Je calcule ces métriques automatiquement dans la section Analytics. Je commence chaque synthèse par un texte interprétatif : ce qui fonctionne, ce qui est à ajuster, quelle action prioriser. Pour un fondateur solo, ce résumé est souvent suffisant. Pas besoin de creuser dans les données brutes.
Si le taux de réponse chute après quelques semaines, c’est généralement un signal que le persona est à affiner. Si les leads chauds sont là mais que les conversations ne convertissent pas, le problème est ailleurs, dans la qualification commerciale plutôt que dans la prospection : revoir le persona pour filtrer sur un signal d’intention plus précis, ou auditer les messages de premier contact pour vérifier qu’ils qualifient le besoin avant de proposer une suite. L’article meilleurs agents IA pour la prospection B2B peut vous aider à situer LEO par rapport aux autres options si vous voulez comparer avant de vous engager.

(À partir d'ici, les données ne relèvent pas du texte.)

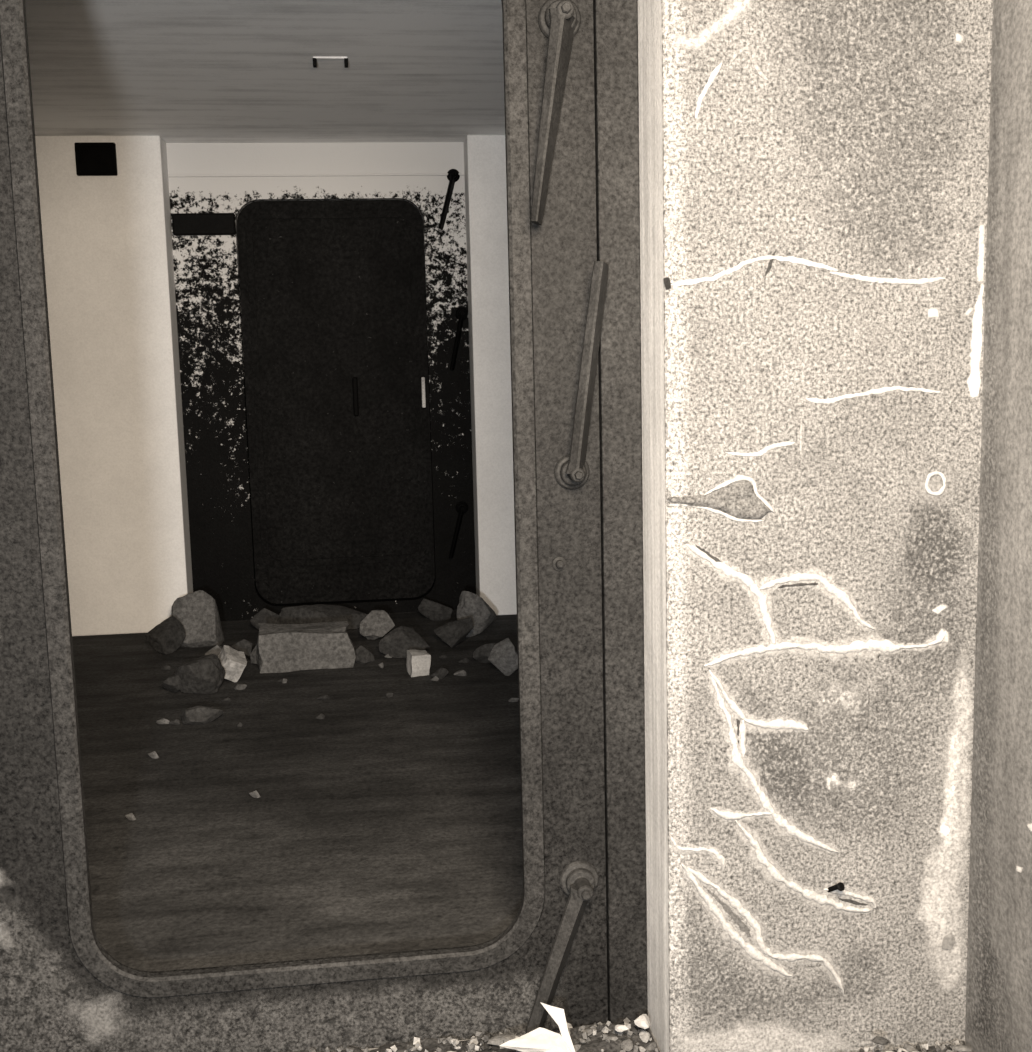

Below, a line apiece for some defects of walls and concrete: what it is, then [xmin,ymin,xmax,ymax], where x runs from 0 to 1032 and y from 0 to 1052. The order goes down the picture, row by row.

crack [663,251,946,290]
crack [725,386,943,459]
crack [669,543,949,994]

De l’onboarding au premier prospect en une session
La friction d’entrée est délibérément basse. Lors du premier run, je collecte votre contexte, génère une offre et un persona que vous validez, puis je trouve un premier prospect, l’enrichis, et prépare une première action de contact, le tout dans la même session.
À la fin de l’onboarding, vous choisissez un plan et activez l’essai de 14 jours. Les 250 crédits d’essai sont suffisants pour valider que le ciblage est bon et voir les premières réponses arriver avant de vous engager sur un plan payant. Ces crédits couvrent l’ensemble des 14 jours et ne se rechargent pas comme les crédits d’un plan mensuel.
Si vous voulez activer le mode Auto dès l’essai, vous pouvez le faire. Je prépare la configuration recommandée et vous la validez avant le lancement. L’automatisation démarre immédiatement après.
Pour un fondateur solo qui n’a jamais eu de processus de prospection structuré, le retour sur investissement se mesure rapidement. Sur le plan Start à 59 €/mois, un seul client signé amortit entre 2 et 6 mois d’abonnement selon la valeur du contrat. La variable n’est pas de savoir si la machine tourne : c’est de savoir combien de temps il vous faut pour transformer le premier pipeline prévisible en contrat signé.